Records from a data source
────
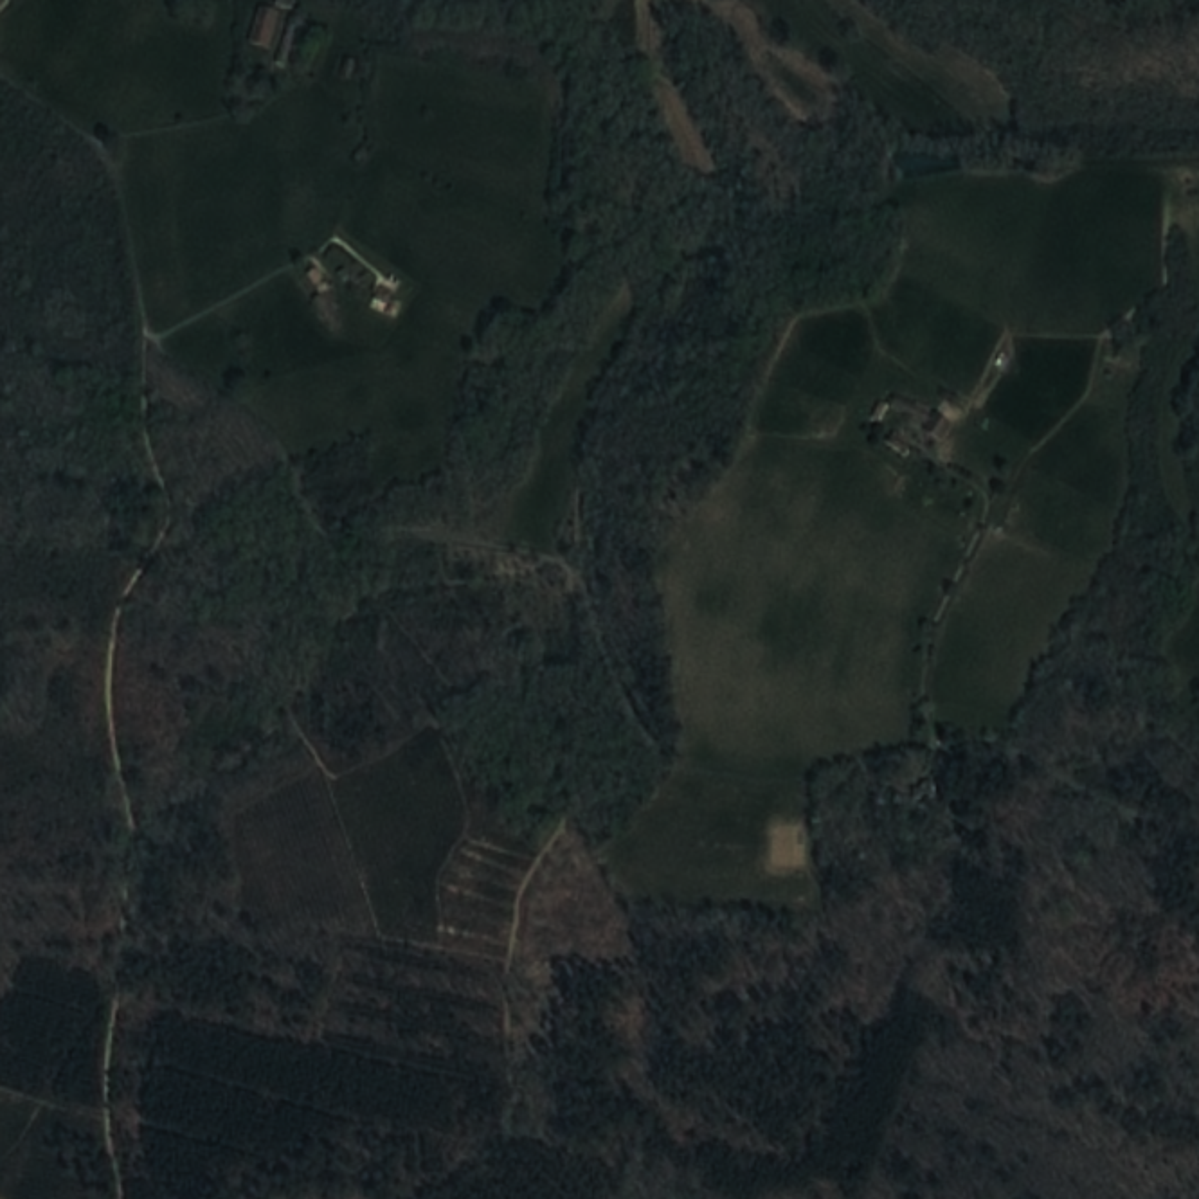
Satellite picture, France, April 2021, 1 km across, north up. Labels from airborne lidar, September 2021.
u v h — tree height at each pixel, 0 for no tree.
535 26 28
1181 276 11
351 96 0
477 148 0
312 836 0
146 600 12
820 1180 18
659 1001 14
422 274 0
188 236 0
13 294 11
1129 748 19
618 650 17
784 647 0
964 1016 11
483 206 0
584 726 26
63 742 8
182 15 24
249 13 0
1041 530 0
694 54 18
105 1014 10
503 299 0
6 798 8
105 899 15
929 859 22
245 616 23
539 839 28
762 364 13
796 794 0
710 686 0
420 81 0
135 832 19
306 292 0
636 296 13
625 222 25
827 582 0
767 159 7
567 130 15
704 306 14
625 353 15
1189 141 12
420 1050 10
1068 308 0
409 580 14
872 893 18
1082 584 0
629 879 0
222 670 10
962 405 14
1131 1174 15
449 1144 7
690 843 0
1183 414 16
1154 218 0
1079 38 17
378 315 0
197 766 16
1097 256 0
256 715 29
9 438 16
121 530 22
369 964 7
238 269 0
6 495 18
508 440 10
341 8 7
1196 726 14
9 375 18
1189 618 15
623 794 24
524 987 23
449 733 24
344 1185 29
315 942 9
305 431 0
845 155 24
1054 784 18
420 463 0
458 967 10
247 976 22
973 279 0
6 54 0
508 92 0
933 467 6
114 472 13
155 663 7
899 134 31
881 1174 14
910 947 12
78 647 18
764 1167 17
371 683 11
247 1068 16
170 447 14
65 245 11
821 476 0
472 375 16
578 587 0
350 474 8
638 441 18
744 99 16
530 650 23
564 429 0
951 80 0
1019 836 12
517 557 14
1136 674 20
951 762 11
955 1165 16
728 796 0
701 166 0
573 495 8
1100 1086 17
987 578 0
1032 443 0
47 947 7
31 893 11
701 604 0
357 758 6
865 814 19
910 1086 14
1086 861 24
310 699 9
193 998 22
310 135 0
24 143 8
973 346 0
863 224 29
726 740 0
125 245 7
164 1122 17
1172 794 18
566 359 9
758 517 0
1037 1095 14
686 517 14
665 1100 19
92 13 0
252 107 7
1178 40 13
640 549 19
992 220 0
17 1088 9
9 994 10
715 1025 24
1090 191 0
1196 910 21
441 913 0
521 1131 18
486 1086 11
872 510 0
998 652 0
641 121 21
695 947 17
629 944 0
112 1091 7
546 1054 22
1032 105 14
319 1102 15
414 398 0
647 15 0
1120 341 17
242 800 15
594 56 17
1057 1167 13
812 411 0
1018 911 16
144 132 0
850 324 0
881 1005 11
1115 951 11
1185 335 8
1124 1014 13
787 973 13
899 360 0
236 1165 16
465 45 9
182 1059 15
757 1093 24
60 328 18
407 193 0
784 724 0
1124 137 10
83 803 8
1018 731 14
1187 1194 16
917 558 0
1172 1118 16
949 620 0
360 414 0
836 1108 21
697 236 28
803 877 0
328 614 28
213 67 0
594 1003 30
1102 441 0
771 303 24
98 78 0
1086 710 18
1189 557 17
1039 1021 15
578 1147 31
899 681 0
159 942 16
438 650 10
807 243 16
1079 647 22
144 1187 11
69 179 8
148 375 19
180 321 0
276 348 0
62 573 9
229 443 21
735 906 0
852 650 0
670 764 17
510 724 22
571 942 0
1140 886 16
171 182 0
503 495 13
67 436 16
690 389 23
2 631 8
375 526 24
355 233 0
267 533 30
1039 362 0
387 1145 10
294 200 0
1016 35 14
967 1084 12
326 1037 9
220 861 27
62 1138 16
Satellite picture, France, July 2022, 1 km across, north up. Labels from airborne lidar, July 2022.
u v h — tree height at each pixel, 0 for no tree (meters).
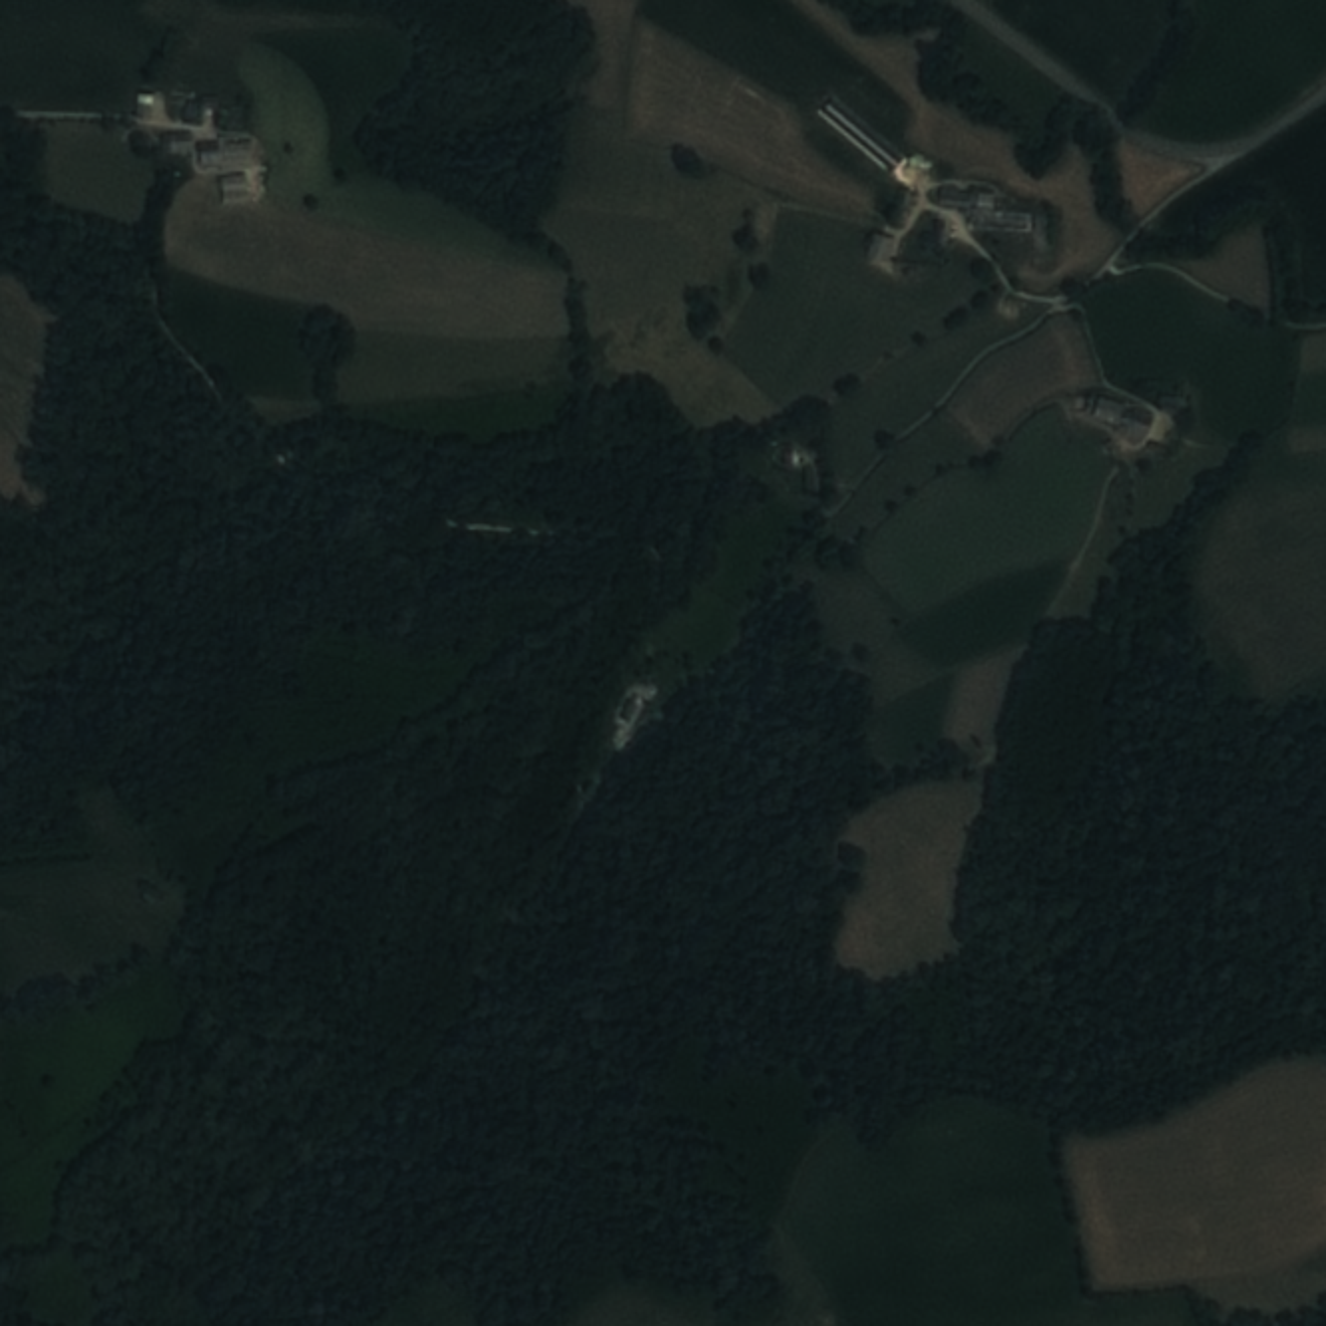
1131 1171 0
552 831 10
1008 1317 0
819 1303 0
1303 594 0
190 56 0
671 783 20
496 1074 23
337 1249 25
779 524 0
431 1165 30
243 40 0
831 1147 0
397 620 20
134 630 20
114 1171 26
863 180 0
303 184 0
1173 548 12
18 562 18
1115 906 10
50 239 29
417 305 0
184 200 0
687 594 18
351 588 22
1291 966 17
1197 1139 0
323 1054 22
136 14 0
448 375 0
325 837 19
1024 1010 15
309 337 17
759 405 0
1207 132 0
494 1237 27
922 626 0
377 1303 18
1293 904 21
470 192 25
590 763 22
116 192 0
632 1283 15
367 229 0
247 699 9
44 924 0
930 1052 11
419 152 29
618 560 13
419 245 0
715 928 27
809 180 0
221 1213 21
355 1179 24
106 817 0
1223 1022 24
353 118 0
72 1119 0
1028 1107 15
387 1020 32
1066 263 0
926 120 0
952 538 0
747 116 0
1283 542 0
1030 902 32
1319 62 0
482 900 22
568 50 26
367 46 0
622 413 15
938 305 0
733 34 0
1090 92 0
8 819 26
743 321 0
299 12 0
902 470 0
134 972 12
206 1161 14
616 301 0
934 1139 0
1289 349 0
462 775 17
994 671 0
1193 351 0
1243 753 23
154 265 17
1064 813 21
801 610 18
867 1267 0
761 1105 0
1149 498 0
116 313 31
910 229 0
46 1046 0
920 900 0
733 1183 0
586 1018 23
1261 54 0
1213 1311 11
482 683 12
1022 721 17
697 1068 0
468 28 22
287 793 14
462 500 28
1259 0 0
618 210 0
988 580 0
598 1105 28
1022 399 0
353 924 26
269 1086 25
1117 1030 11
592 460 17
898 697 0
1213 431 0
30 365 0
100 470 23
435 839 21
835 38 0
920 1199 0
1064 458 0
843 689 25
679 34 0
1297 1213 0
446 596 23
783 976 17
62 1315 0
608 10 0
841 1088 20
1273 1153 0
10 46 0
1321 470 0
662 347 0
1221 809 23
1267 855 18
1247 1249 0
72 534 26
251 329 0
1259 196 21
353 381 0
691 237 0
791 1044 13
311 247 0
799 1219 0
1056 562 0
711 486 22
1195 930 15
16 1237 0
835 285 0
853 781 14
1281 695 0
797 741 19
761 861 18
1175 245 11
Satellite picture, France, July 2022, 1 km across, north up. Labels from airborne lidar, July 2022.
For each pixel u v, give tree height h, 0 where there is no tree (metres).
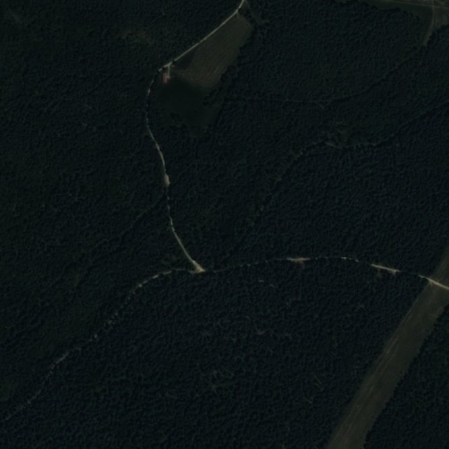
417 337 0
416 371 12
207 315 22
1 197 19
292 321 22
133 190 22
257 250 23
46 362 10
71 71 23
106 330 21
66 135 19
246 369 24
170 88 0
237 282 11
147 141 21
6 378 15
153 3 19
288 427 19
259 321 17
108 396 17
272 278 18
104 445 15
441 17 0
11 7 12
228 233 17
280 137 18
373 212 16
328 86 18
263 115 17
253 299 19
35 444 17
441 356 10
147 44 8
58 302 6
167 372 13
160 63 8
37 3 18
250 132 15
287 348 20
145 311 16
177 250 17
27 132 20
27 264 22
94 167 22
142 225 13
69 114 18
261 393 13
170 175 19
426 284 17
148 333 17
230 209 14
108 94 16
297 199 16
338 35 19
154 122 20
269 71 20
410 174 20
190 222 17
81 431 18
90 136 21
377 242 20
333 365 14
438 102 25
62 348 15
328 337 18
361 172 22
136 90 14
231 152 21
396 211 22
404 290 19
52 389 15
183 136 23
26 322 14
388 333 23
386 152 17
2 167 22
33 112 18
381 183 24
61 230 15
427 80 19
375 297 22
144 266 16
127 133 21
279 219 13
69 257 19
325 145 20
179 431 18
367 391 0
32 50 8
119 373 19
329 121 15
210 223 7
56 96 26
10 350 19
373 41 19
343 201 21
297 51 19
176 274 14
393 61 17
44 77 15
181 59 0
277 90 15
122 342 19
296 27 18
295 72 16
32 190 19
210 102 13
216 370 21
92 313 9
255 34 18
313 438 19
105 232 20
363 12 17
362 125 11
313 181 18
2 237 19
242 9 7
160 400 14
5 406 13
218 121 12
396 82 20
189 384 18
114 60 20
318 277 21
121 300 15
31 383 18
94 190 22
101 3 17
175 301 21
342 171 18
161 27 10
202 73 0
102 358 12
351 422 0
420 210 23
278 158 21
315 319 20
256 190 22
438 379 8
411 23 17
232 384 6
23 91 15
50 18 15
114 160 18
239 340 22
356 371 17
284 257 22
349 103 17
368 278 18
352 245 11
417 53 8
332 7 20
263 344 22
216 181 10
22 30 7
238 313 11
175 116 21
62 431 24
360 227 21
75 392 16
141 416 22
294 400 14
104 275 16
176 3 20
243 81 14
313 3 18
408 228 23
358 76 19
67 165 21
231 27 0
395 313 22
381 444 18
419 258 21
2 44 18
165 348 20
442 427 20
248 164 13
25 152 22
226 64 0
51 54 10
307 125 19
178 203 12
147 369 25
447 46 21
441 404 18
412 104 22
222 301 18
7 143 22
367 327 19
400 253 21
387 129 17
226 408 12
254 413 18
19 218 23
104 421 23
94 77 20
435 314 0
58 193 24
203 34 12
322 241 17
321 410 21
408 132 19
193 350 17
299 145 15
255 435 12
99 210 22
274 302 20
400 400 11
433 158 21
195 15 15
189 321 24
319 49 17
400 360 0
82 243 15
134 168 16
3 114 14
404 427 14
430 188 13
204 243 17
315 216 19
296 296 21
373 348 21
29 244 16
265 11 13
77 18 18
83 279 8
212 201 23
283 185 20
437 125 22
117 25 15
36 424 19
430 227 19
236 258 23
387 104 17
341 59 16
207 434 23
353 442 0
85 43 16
────
** THE TASK **
Filter the records down to the lines that contain the string "height", and copy those lines.

** WORKED SOLUTION **
u v h — tree height at each pixel, 0 for no tree.
u v h — tree height at each pixel, 0 for no tree (meters).
For each pixel u v, give tree height h, 0 where there is no tree (metres).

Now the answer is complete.